> _EXERCISE AIM_
Please give back each entry below unaltered, leaving the pictures out.

______________________________

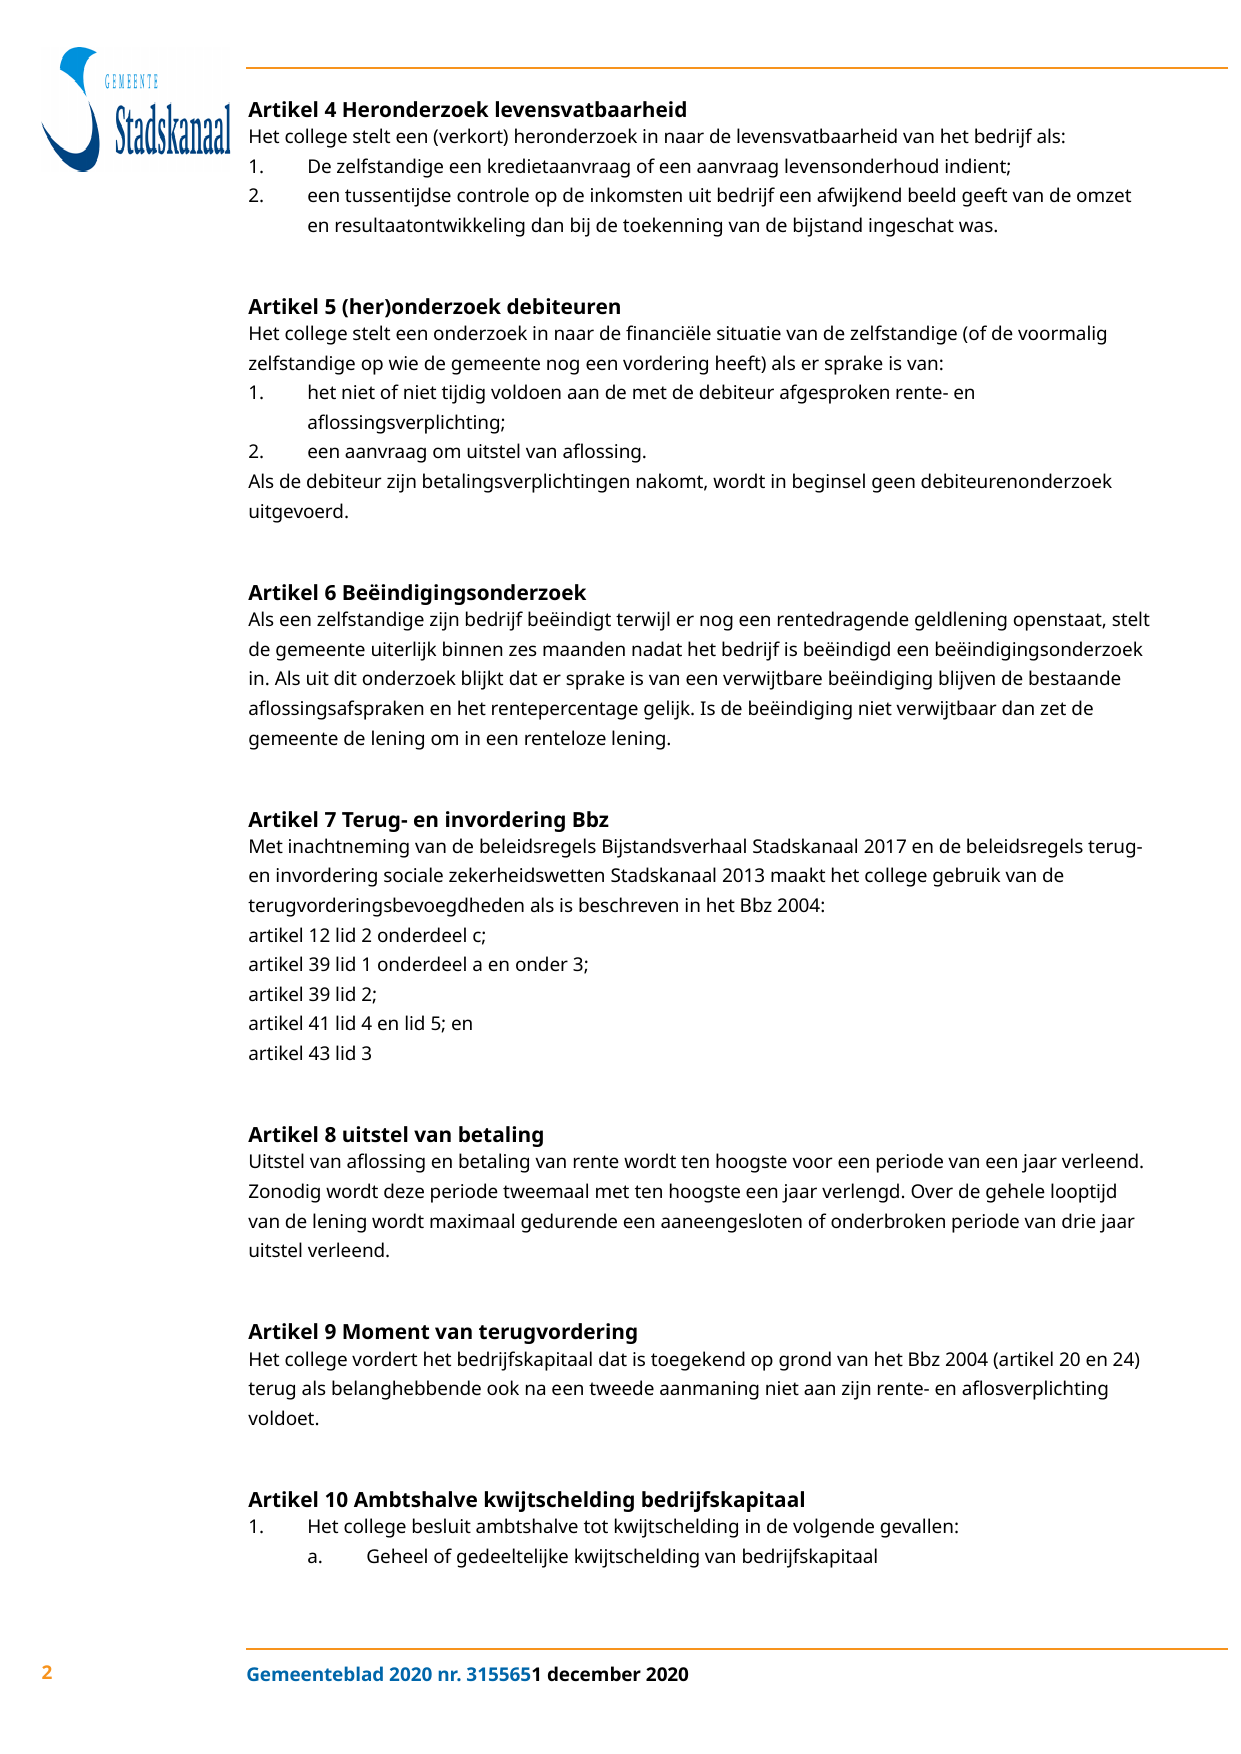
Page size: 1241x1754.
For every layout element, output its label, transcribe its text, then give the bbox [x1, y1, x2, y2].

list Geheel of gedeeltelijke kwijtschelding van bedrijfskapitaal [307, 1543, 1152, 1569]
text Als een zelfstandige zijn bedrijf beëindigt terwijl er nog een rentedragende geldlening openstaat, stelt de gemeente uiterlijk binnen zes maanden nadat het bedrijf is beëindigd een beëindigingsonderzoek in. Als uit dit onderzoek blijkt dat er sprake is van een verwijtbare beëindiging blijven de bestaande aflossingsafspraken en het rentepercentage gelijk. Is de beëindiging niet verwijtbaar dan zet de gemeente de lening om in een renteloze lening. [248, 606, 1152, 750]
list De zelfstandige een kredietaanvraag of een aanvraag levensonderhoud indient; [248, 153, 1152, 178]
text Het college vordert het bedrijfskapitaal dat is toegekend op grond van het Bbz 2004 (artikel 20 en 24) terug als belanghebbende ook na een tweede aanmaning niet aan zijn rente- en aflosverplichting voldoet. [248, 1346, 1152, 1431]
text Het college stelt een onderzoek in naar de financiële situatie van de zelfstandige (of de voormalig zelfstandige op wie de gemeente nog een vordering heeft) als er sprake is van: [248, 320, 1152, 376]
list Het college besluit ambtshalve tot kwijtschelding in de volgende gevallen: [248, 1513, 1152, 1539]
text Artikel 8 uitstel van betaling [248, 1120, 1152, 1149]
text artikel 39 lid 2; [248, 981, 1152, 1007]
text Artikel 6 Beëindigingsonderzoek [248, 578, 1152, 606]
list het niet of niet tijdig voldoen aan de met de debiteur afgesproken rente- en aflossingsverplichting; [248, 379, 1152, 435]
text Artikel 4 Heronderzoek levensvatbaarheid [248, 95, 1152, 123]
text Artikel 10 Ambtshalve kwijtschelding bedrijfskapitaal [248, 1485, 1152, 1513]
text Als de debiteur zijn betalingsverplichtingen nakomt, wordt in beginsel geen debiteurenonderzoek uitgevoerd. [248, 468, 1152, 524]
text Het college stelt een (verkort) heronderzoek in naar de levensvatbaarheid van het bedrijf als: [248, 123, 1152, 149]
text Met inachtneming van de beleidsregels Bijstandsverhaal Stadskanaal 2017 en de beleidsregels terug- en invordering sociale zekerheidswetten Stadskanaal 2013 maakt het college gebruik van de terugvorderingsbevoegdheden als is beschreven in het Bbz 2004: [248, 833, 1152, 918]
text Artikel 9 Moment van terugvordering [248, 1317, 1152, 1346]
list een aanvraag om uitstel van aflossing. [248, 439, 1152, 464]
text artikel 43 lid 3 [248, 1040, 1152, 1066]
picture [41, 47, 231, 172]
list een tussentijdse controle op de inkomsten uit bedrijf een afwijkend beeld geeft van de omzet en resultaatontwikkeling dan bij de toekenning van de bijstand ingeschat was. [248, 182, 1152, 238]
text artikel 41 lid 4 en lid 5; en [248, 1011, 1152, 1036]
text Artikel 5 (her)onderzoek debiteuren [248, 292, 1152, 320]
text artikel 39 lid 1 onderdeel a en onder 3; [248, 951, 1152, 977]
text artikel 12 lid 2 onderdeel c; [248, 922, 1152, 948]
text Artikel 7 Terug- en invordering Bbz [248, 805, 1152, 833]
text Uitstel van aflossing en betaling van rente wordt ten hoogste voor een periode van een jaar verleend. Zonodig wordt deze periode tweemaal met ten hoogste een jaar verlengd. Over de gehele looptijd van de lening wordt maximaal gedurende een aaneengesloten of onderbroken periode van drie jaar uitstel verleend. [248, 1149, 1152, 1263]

______________________________

> _PROBLEM SOLUTION_
Page size: 1241x1754.
For every layout element, output its label, transcribe its text, then give the bbox [x1, y1, x2, y2].

list Geheel of gedeeltelijke kwijtschelding van bedrijfskapitaal [307, 1543, 1152, 1569]
text Als een zelfstandige zijn bedrijf beëindigt terwijl er nog een rentedragende geldlening openstaat, stelt de gemeente uiterlijk binnen zes maanden nadat het bedrijf is beëindigd een beëindigingsonderzoek in. Als uit dit onderzoek blijkt dat er sprake is van een verwijtbare beëindiging blijven de bestaande aflossingsafspraken en het rentepercentage gelijk. Is de beëindiging niet verwijtbaar dan zet de gemeente de lening om in een renteloze lening. [248, 606, 1152, 750]
list De zelfstandige een kredietaanvraag of een aanvraag levensonderhoud indient; [248, 153, 1152, 178]
text Het college vordert het bedrijfskapitaal dat is toegekend op grond van het Bbz 2004 (artikel 20 en 24) terug als belanghebbende ook na een tweede aanmaning niet aan zijn rente- en aflosverplichting voldoet. [248, 1346, 1152, 1431]
text Het college stelt een onderzoek in naar de financiële situatie van de zelfstandige (of de voormalig zelfstandige op wie de gemeente nog een vordering heeft) als er sprake is van: [248, 320, 1152, 376]
list Het college besluit ambtshalve tot kwijtschelding in de volgende gevallen: [248, 1513, 1152, 1539]
text Artikel 8 uitstel van betaling [248, 1120, 1152, 1149]
text artikel 39 lid 2; [248, 981, 1152, 1007]
text Artikel 6 Beëindigingsonderzoek [248, 578, 1152, 606]
list het niet of niet tijdig voldoen aan de met de debiteur afgesproken rente- en aflossingsverplichting; [248, 379, 1152, 435]
text Artikel 4 Heronderzoek levensvatbaarheid [248, 95, 1152, 123]
text Artikel 10 Ambtshalve kwijtschelding bedrijfskapitaal [248, 1485, 1152, 1513]
text Als de debiteur zijn betalingsverplichtingen nakomt, wordt in beginsel geen debiteurenonderzoek uitgevoerd. [248, 468, 1152, 524]
text Het college stelt een (verkort) heronderzoek in naar de levensvatbaarheid van het bedrijf als: [248, 123, 1152, 149]
text Met inachtneming van de beleidsregels Bijstandsverhaal Stadskanaal 2017 en de beleidsregels terug- en invordering sociale zekerheidswetten Stadskanaal 2013 maakt het college gebruik van de terugvorderingsbevoegdheden als is beschreven in het Bbz 2004: [248, 833, 1152, 918]
text Artikel 9 Moment van terugvordering [248, 1317, 1152, 1346]
list een aanvraag om uitstel van aflossing. [248, 439, 1152, 464]
text artikel 43 lid 3 [248, 1040, 1152, 1066]
picture [41, 47, 231, 172]
list een tussentijdse controle op de inkomsten uit bedrijf een afwijkend beeld geeft van de omzet en resultaatontwikkeling dan bij de toekenning van de bijstand ingeschat was. [248, 182, 1152, 238]
text artikel 41 lid 4 en lid 5; en [248, 1011, 1152, 1036]
text Artikel 5 (her)onderzoek debiteuren [248, 292, 1152, 320]
text artikel 39 lid 1 onderdeel a en onder 3; [248, 951, 1152, 977]
text artikel 12 lid 2 onderdeel c; [248, 922, 1152, 948]
text Artikel 7 Terug- en invordering Bbz [248, 805, 1152, 833]
text Uitstel van aflossing en betaling van rente wordt ten hoogste voor een periode van een jaar verleend. Zonodig wordt deze periode tweemaal met ten hoogste een jaar verlengd. Over de gehele looptijd van de lening wordt maximaal gedurende een aaneengesloten of onderbroken periode van drie jaar uitstel verleend. [248, 1149, 1152, 1263]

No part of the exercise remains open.